Jika umat islam memilih orang kafir (non muslim) sebagai pemimpin itu berarti menentang keputusan Allah SWT dan Rasulullah SAW. Dan dibawah ini Dalil - Dalil Al Qur'an dan artinya tentang larangan dalam menjadikan orang kafir sebagai seorang pemimpin :
1. Al-Qur'an melarang menjadikan orang kafir sebagai Pemimpin
QS. 3. Aali 'Imraan : 28.
.
لا يَتَّخِذِ الْمُؤْمِنُونَ الْكَافِرِينَ أَوْلِيَاءَ مِنْ دُونِ الْمُؤْمِنِينَ وَمَنْ يَفْعَلْ ذَلِكَ فَلَيْسَ مِنَ اللَّهِ فِي شَيْءٍ إِلا أَنْ تَتَّقُوا مِنْهُمْ تُقَاةً وَيُحَذِّرُكُمُ اللَّهُ نَفْسَهُ وَإِلَى اللَّهِ الْمَصِيرُ
"Janganlah orang-orang mukmin mengambil orang-orang kafir menjadi WALI (PEMIMPIN / PELINDUNG) dengan meninggalkan orang-orang mukmin.
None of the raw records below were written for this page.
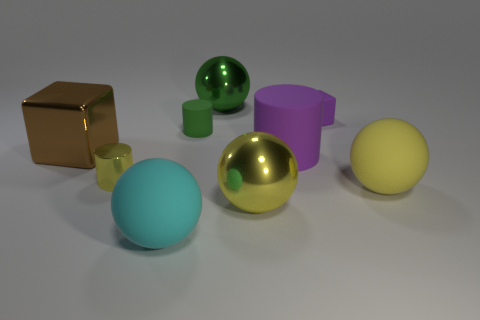Subtract all large rubber cylinders. How many cylinders are left? 2 Add 1 gray cylinders. How many objects exist? 10 Subtract 2 cylinders. How many cylinders are left? 1 Subtract all green spheres. How many spheres are left? 3 Subtract all cubes. How many objects are left? 7 Subtract all purple cylinders. How many yellow spheres are left? 2 Subtract all big brown blocks. Subtract all brown blocks. How many objects are left? 7 Add 3 brown things. How many brown things are left? 4 Add 3 cyan cubes. How many cyan cubes exist? 3 Subtract 0 gray cylinders. How many objects are left? 9 
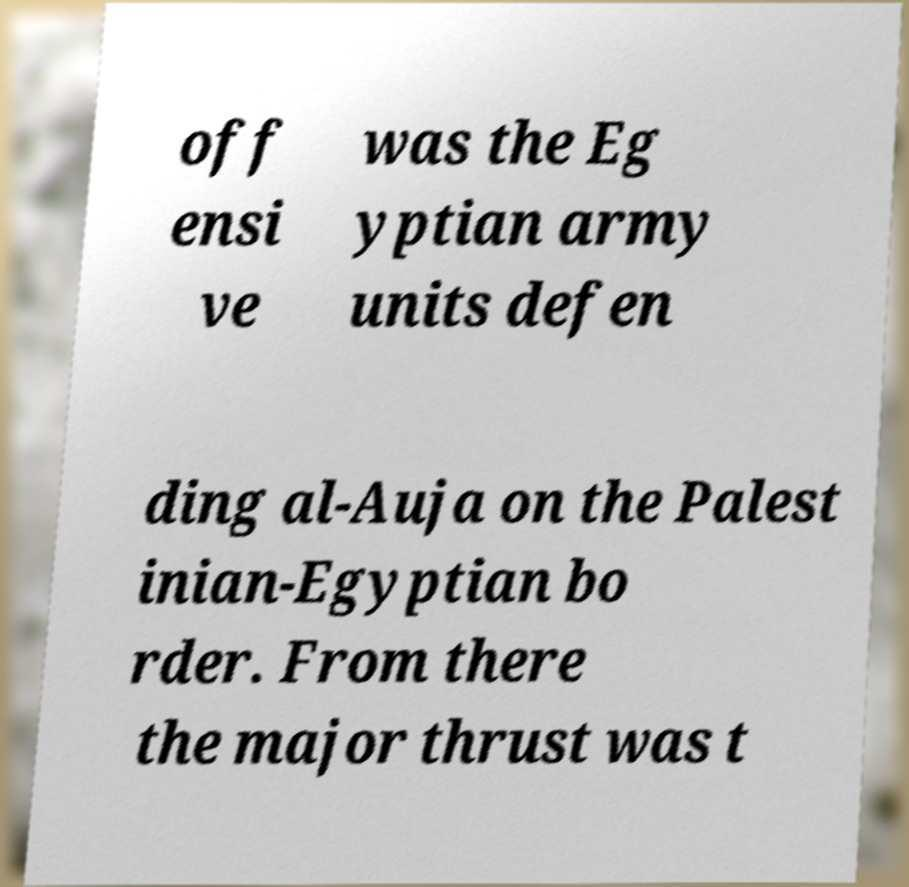Can you read and provide the text displayed in the image?This photo seems to have some interesting text. Can you extract and type it out for me? off ensi ve was the Eg yptian army units defen ding al-Auja on the Palest inian-Egyptian bo rder. From there the major thrust was t 
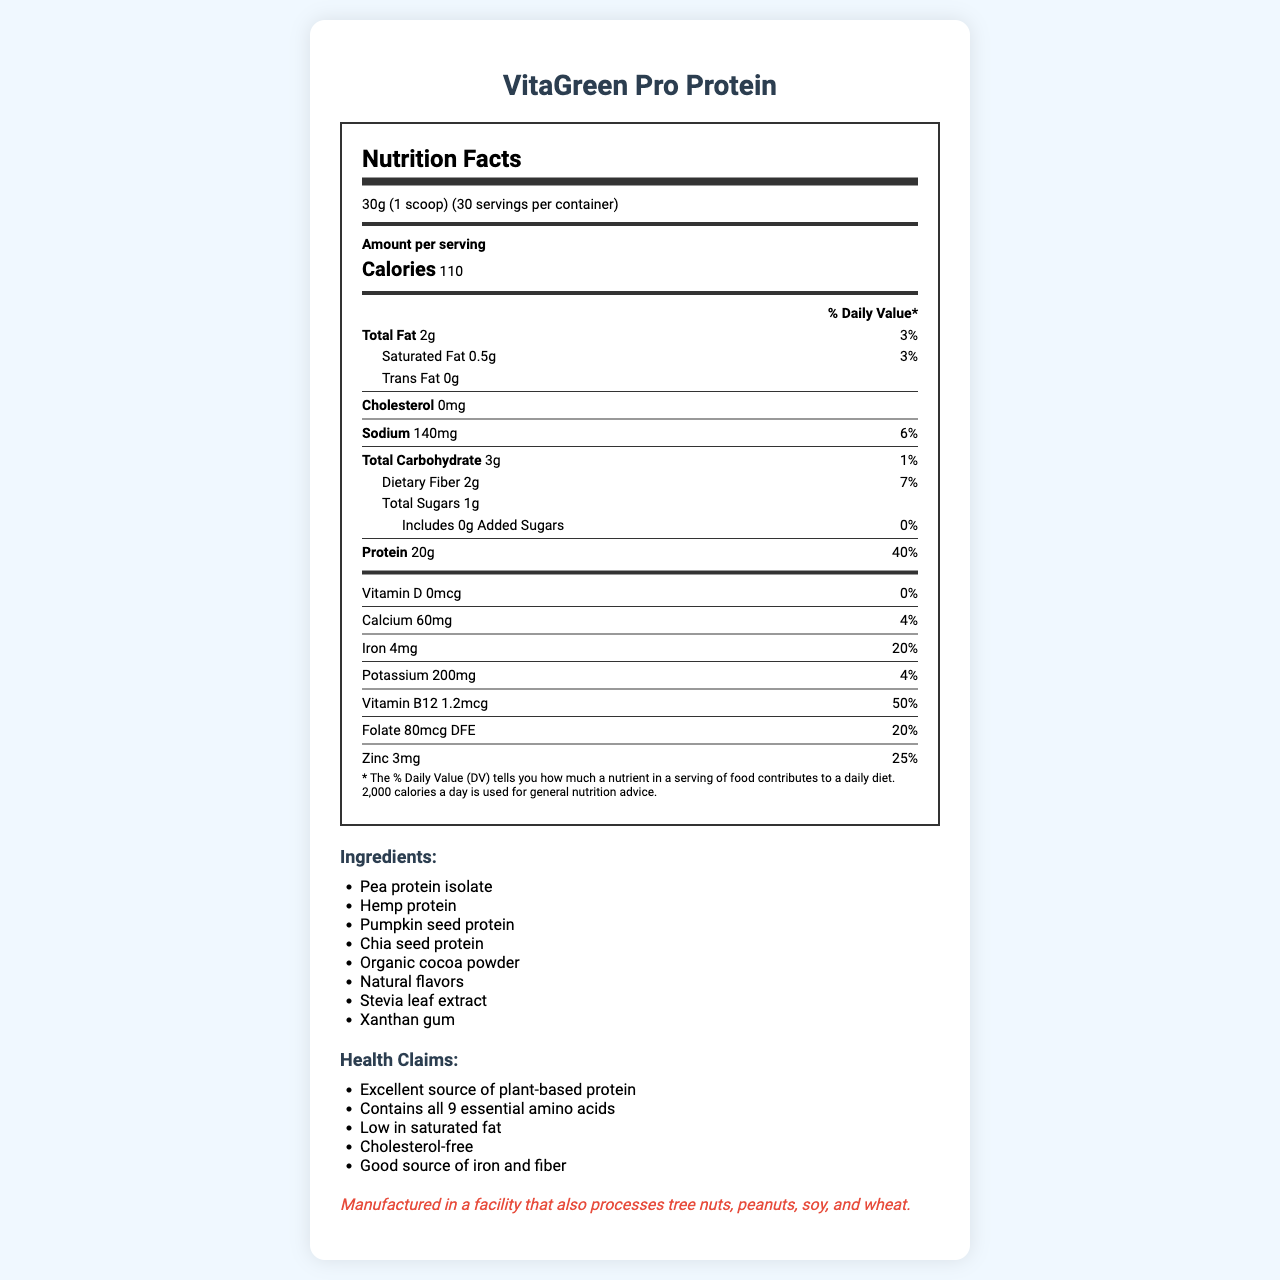what is the serving size for VitaGreen Pro Protein? The document states that the serving size for VitaGreen Pro Protein is 30g, which is equivalent to 1 scoop.
Answer: 30g (1 scoop) how many servings are there per container? The document indicates that there are 30 servings per container.
Answer: 30 how many grams of total fat are there per serving? Under the "Total Fat" section, it's mentioned that there are 2 grams of total fat per serving.
Answer: 2g what percentage of the daily value is the protein content per serving? For protein, the document lists that it contributes 40% to the daily value.
Answer: 40% name two plant-based protein sources in the ingredient list. The ingredients list includes several plant-based protein sources, including pea protein isolate and hemp protein.
Answer: Pea protein isolate, Hemp protein which vitamin listed has the highest percentage of daily value?  A. Vitamin D B. Vitamin B12 C. Folate D. Zinc Vitamin B12 has the highest percentage of the daily value at 50%, as indicated in the document.
Answer: B. Vitamin B12 how much iron is in each serving?  A. 4mg B. 60mg C. 200mg D. 140mg The nutrition label states that each serving contains 4mg of iron.
Answer: A. 4mg how much sodium does VitaGreen Pro Protein contain per serving? According to the document, the sodium content per serving is 140mg.
Answer: 140mg is there any trans fat in VitaGreen Pro Protein? The document states that the trans fat content is 0g.
Answer: No what is the primary focus of this document? The document comprises a detailed nutrition label, ingredient list, and health claims related to VitaGreen Pro Protein, along with some research notes on its efficiency, digestibility, and sustainability indicators.
Answer: The primary focus is on presenting the nutrition facts, ingredient list, health claims, and additional product information for VitaGreen Pro Protein. how many grams of carbohydrates are there per serving? The document clearly mentions that there are 3 grams of total carbohydrates per serving.
Answer: 3g does the product contain any cholesterol? The document specifies that the cholesterol content is 0mg, indicating there is no cholesterol.
Answer: No does the product have any added sugars?  A. Yes B. No C. Cannot be determined The nutrition facts indicate that the amount of added sugars is 0g.
Answer: B. No how many grams of leucine are in each serving? The document does not specify the grams of leucine per serving; it only provides the total amount of each amino acid.
Answer: Cannot be determined what are some health claims made about the product? The health claims section lists these benefits explicitly.
Answer: Excellent source of plant-based protein, Contains all 9 essential amino acids, Low in saturated fat, Cholesterol-free, Good source of iron and fiber what type of facility is VitaGreen Pro Protein manufactured in? The allergen information states that the product is manufactured in a facility that processes these allergens.
Answer: A facility that also processes tree nuts, peanuts, soy, and wheat 
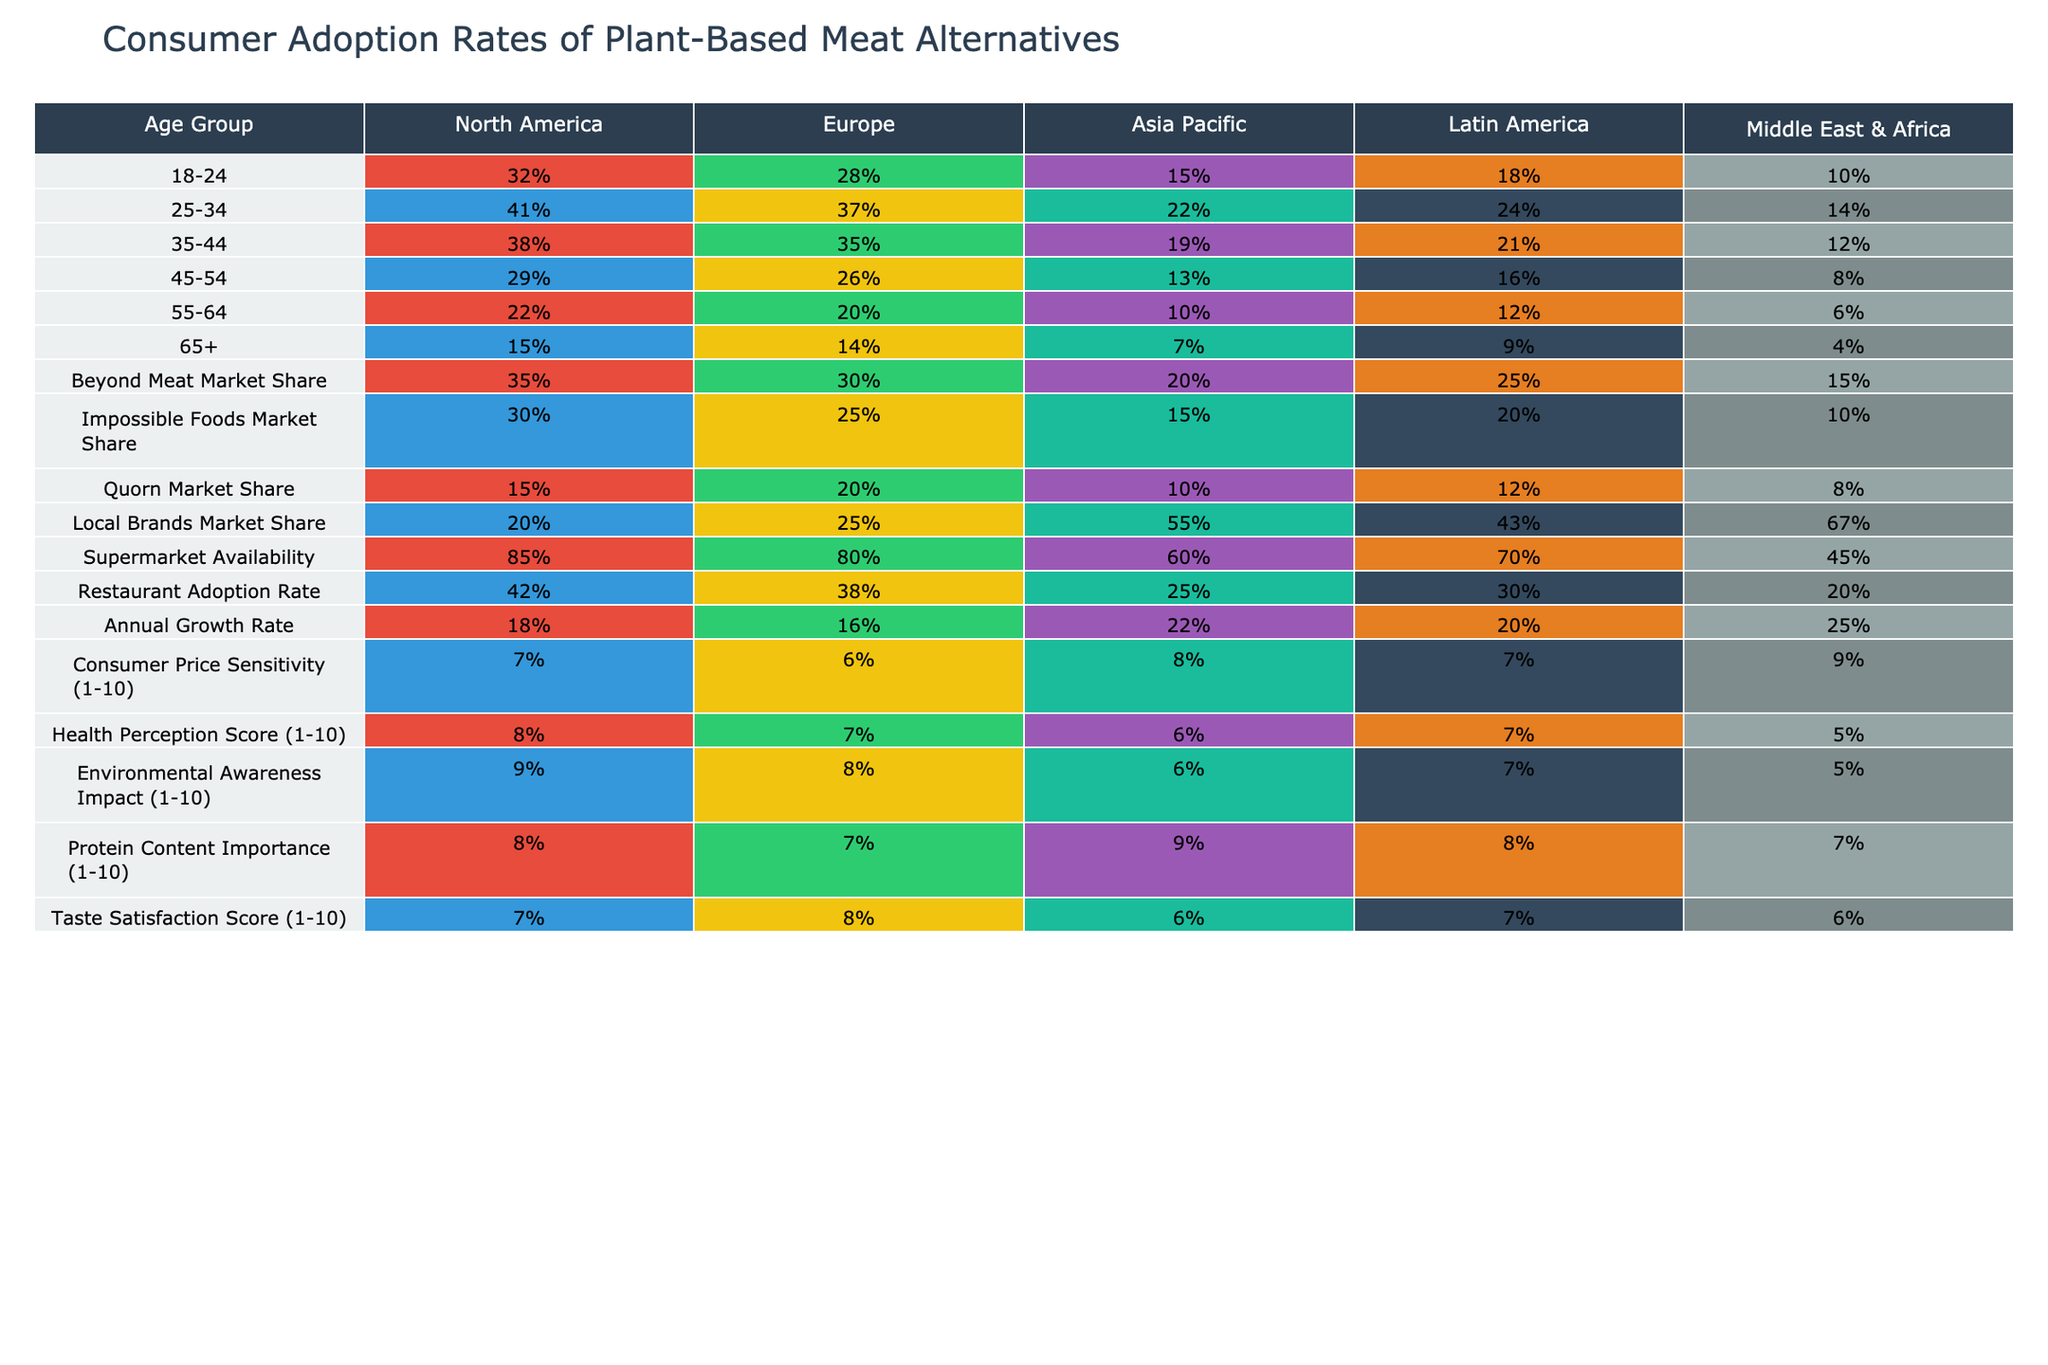What is the consumer adoption rate of plant-based meat alternatives for the 18-24 age group in North America? The table shows that the adoption rate for the 18-24 age group in North America is 32%.
Answer: 32% What is the difference in adoption rates between the 25-34 age group in Europe and the 45-54 age group in Asia Pacific? In Europe, the adoption rate for the 25-34 age group is 37%, and for the 45-54 age group in Asia Pacific, it is 13%. The difference is 37% - 13% = 24%.
Answer: 24% Is the local brands market share higher in Latin America compared to the Middle East & Africa? The local brands market share in Latin America is 43%, while in the Middle East & Africa, it is 67%. Since 43% is less than 67%, the statement is false.
Answer: No What age group shows the highest level of consumer adoption of plant-based meat alternatives in Europe? The table indicates that the 25-34 age group has an adoption rate of 37%, the highest among the provided age groups in Europe.
Answer: 25-34 What is the overall consumer adoption rate for the 65+ age group across all regions? To find the overall adoption rate for the 65+ age group across all regions, we need to average the rates: (15% + 14% + 7% + 9% + 4%) / 5 = 49% / 5 = 9.8%.
Answer: 9.8% What region has the highest supermarket availability for plant-based meat alternatives? The table shows that North America has a supermarket availability rate of 85%, which is the highest compared to other regions.
Answer: North America How much lower is the restaurant adoption rate in Asia Pacific compared to North America? The restaurant adoption rate in North America is 42%, and in Asia Pacific, it is 25%. The difference is calculated as 42% - 25% = 17%.
Answer: 17% Does consumer price sensitivity have the highest score in Asia Pacific or the Middle East & Africa? The consumer price sensitivity score is 8 in Asia Pacific and 9 in the Middle East & Africa. Since 9 is higher than 8, the statement is false.
Answer: No Which age group in Latin America has the highest consumer adoption rate of plant-based meat alternatives? The highest adoption rate in Latin America is for the 25-34 age group at 24%.
Answer: 25-34 By what percentage is the consumer adoption rate in Europe for the 35-44 age group higher than that of the 55-64 age group in the same region? In Europe, the adoption rate for the 35-44 age group is 35% and for the 55-64 age group it is 20%. The difference is 35% - 20% = 15%.
Answer: 15% Which region has the lowest health perception score for plant-based meat alternatives? The table shows that the Middle East & Africa has the lowest health perception score of 5.
Answer: Middle East & Africa

Barang siapa berbuat demikian, niscaya lepaslah ia dari pertolongan Allah, kecuali karena (siasat) memelihara diri dari sesuatu yang ditakuti dari mereka. Dan Allah memperingatkan kamu terhadap diri (siksa)-Nya. Dan hanya kepada Allah kembali(mu)."
2. Al-Qur'an melarang saling tolong dengan kafir yang akan merugikan umat Islam
QS. 28. Al-Qashash : 86.
"Dan
kamu tidak pernah mengharap agar Al-Quran diturunkan kepadamu, tetapi
ia (diturunkan) karena suatu rahmat yang besar dari Tuhanmu, sebab itu
janganlah sekali-kali kamu menjadi PENOLONG bagi orang-orang kafir."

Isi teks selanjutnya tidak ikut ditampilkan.